Husband has my his son covered under his medical and dental insurance as ordered by the court.
He has to go to a military aproved facility for services.
The nearest facility is about 30-45 minutes away from CP's residence. She initially started using the medical insurance immediately because she was so excited to prance around on base, but after she found out she couldn't get permanent decals for her car or go on base alone without son, she doesn't want to take him on base any longer.
My question is...just found out through a family member of CP, that the CP has son on medicaid again and getting SSI checks as well, CP has took son to get braces through medicaid instead of using husbands insurance.
Is my husband going to be responsible for paying this medicaid back to the state/govt since the CP is using this instead of the provided insurance?
The reason i am asking is because if hubby has to pay back this money, we need to contact the case worker and find out why they are allowing her to disregard what hubby has provided. But everything the CP does is always money motivated..meaning there has to be something she gains financially in order for her to do this...this is how she operates.
 


GrowUp!

Senior Member
Luv_N_Stepmom said:
What is the name of your state? KY

Husband has my his son covered under his medical and dental insurance as ordered by the court.
He has to go to a military aproved facility for services.
The nearest facility is about 30-45 minutes away from CP's residence. She initially started using the medical insurance immediately because she was so excited to prance around on base, but after she found out she couldn't get permanent decals for her car or go on base alone without son, she doesn't want to take him on base any longer.
My question is...just found out through a family member of CP, that the CP has son on medicaid again and getting SSI checks as well, CP has took son to get braces through medicaid instead of using husbands insurance.
Is my husband going to be responsible for paying this medicaid back to the state/govt since the CP is using this instead of the provided insurance?
The reason i am asking is because if hubby has to pay back this money, we need to contact the case worker and find out why they are allowing her to disregard what hubby has provided. But everything the CP does is always money motivated..meaning there has to be something she gains financially in order for her to do this...this is how she operates.
Your husband should contact the case worker assigned to his case ASAP.
 

ceara19

Senior Member
GrowUp! said:
Your husband should contact the case worker assigned to his case ASAP.
It is possible for a custodial parent to qualify for medicaid for the child, even when the CP is receiving child support and/or private insurance provided by the NCP. Unless mom gave a false SS# when applying, the state is well aware that the child is covered by other insurance. The state enters the child's SS# into the insurance coverage registry (I don't remember the exact name of the database). If the child is insured by another state or private insurance company, it will be in the report.

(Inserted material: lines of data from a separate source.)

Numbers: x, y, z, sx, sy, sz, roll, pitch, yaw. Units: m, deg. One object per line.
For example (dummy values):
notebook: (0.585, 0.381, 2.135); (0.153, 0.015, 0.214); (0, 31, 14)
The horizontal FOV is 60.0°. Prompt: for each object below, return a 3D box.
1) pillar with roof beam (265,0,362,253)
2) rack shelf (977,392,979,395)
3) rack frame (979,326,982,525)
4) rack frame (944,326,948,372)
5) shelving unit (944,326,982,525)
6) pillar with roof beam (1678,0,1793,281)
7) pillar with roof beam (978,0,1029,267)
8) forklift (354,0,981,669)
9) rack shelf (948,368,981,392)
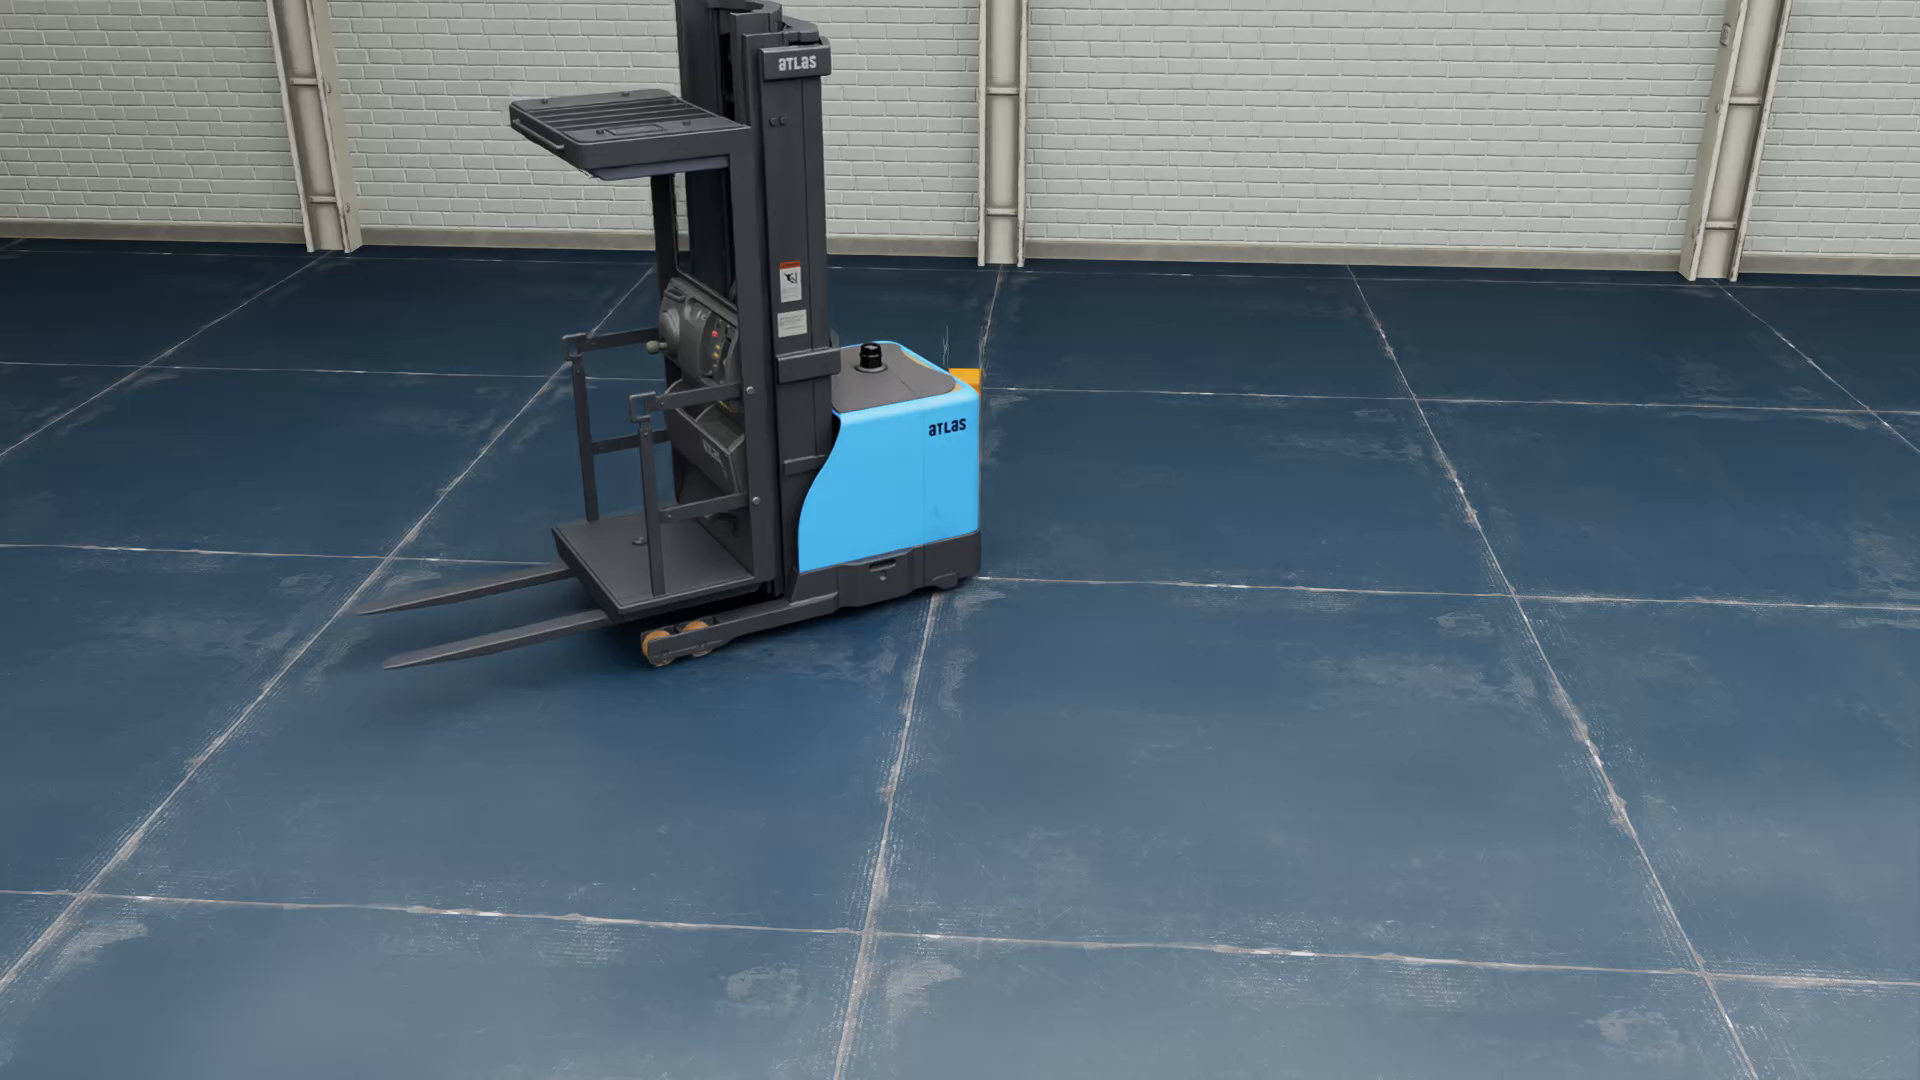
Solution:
pillar with roof beam: (-5.948, -4.924, 9.186); (0.400, 9.000, 9.100); (2, 25, 4)
rack shelf: (0.018, -0.724, 8.918); (0.180, 0.103, 0.258); (1, 25, 2)
rack frame: (0.110, -0.545, 8.997); (0.006, 1.200, 0.240); (1, 25, 2)
rack frame: (-0.073, -0.548, 9.004); (0.006, 1.200, 0.240); (1, 25, 2)
shelving unit: (0.019, -0.546, 9.000); (0.189, 1.200, 0.258); (1, 25, 2)
pillar with roof beam: (6.017, -4.540, 8.351); (0.400, 9.000, 9.100); (2, 25, 4)
pillar with roof beam: (0.034, -4.732, 8.768); (0.400, 9.000, 9.100); (2, 25, 4)
forklift: (-1.430, -0.983, 7.880); (3.031, 2.935, 1.130); (-13, 28, -26)
rack shelf: (0.018, -0.833, 8.868); (0.180, 0.103, 0.258); (1, 25, 2)

As long as mom obtained the assistance legitimately, the private insurance is billed first and medicaid picks up the rest for approved medical care. Also, as long as the NCP is meeting their child support obligation, he will not have to repay the amount.

However, this information is meaningless since it has already been given to the OP in another thread.

https://forum.freeadvice.com/showthread.php?t=325297
 

nextwife

Senior Member
OK, out of curiousity:


Will someone PLEASE explain to me WHY the taxpayers pay for health care when a parent HAS private covereage?

I have private coverage, for example, and sometimes must use Children's Hospital for various specialists, which is about thirty miles away. Sure, it's not as convenient, but I use what I have. If a parent has private coverage, WHY do they also get (need) medicaid? Shouldn't private coverage be required to be used BEFORE a party is allowed to tap into taxpayer provided services?
 
nextwife said:
OK, out of curiousity:


Will someone PLEASE explain to me WHY the taxpayers pay for health care when a parent HAS private covereage?

I have private coverage, for example, and sometimes must use Children's Hospital for various specialists, which is about thirty miles away. Sure, it's not as convenient, but I use what I have. If a parent has private coverage, WHY do they also get (need) medicaid? Shouldn't private coverage be required to be used BEFORE a party is allowed to tap into taxpayer provided services?

I have often asked the same question. I, too, provide insurance through my employer for my three kids, but my ex ALSO has them on the state insurance. I personally think my kids shouldn't have the gov't insurance when I am paying to have them on MINE. Recently THOUSANDS of Tennesseans were cut from Tenncare, many who needed it to LIVE, and there are so many out there who are still on it (didn't get cut- like my ex) who are CAPABLE of working and HEALTHY and they are taking up the spots of people who truly need it.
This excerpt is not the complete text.